К счастливым относятся точные науки: математика, физика, астрономия, химия, до известной степени геология: здесь успехи решительно никем не отрицаются. К несчастным, кроме биологии, относятся: экономические науки, философия, история и другие гуманитарные науки. Конечно, и там есть отдельные блестящие достижения, например, в области истории нашей материальной культуры: раскопки наших археологов в Средней Азии, Новгороде и других местах дали чрезвычайно ценные результаты. Промежуточное положение занимает медицина. В несчастных науках мы имеем в лучшем случае топтание на месте в смысле теоретических построений, а большей частью в смысле теории - совершенный застой или даже маразм, как в нашей философии. Печальное положение нашей философии отмечено и на XX съезде, но, однако, многие литераторы продолжают кичиться особенным преимуществом нашей философии. По этому поводу я написал в «Литературную газету» письмо «Философы из «Литературной газеты», которое ожидает, очевидно, та же судьба, как и другие мои писания.
Чем же объяснить такое различие в судьбе разных наук? Стремление задержать развитие наук? Это обвинение вряд ли можно поддержать. Я убеждён, что, например, Сталин, многие ошибки которого были вскрыты на XX съезде, искренне стремился помочь развитию наук, и если результат нередко оказывался противоположным этому благородному намерению, то только потому, что не всякая искренне оказываемая помощь бывает полезна: вспомним известную басню Крылова.
Но если всем наукам стремились помочь, то почему столь различен результат у разных наук? Это объясняется спецификой наук. Точные науки обладают двумя признаками:
1) они очень трудны для усвоения;
2) их польза ясна даже для неграмотного человека.
В самом деле, для того чтобы отличить хороший радиоприёмник от плохого, достаточно повертеть ручку: из хорошего приёмника мы услышим превосходные разнообразные звуки, а из плохого услышим хрипение или ничего не услышим.
А вот для того чтобы построить приёмник или исправить его, тут уж требуется квалификация. Вот с точными науками и получилось, что их пытались «настраивать» по-своему: наши философы доказывали «реакционность» и связь с идеализмом теории относительности, квантовой теории Бора и Гейзенберга, кибернетики и проч. и во всех случаях потерпели фиаско.

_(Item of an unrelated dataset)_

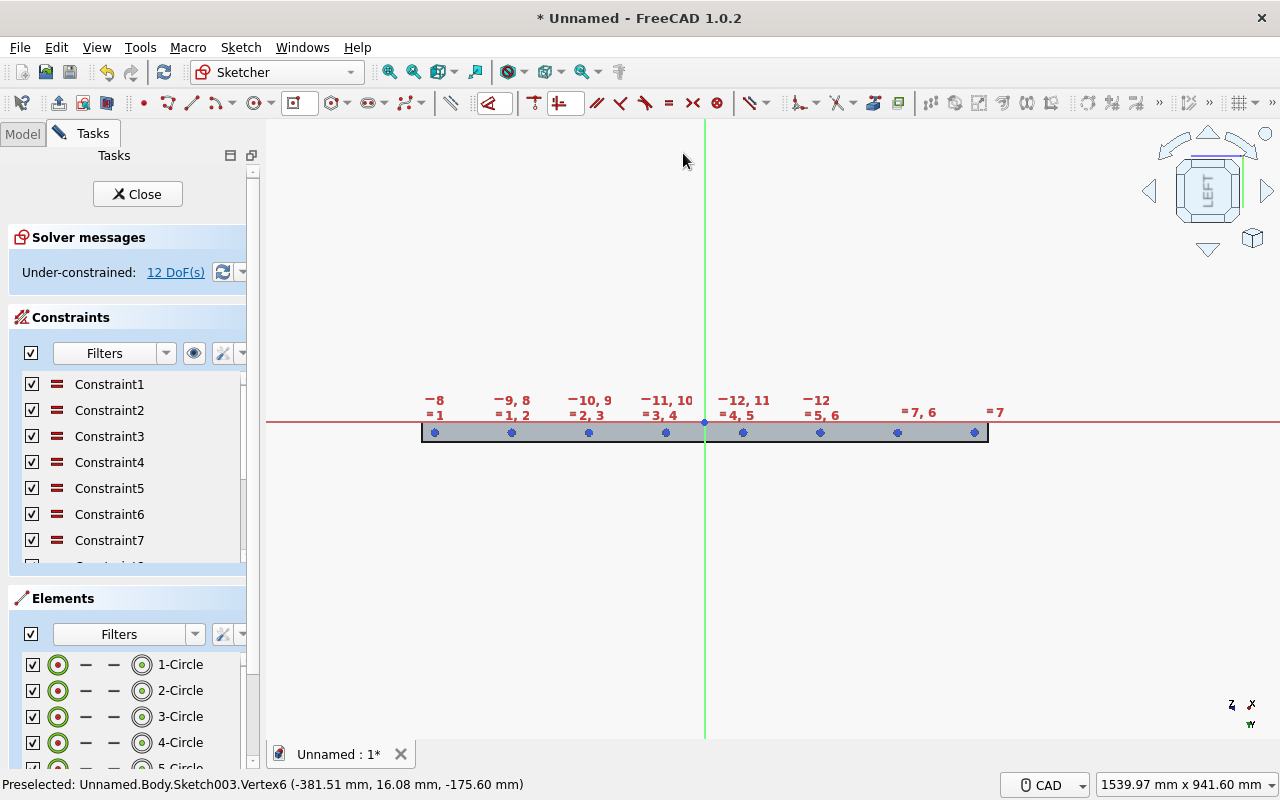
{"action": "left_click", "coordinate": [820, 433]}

Решительно никакой пользы вмешательство философов в точные науки не принесло, только в ряде случаев задержало развитие нашей науки и техники, так как Вы хорошо знаете, что прогресс точных наук и техники немыслим без огромных затрат. Сейчас, насколько мне известно, физикам и математикам философы не мешают, даже публикуют идеологически весьма невыдержанные произведения крупнейших физиков Эйнштейна и Гейзенберга.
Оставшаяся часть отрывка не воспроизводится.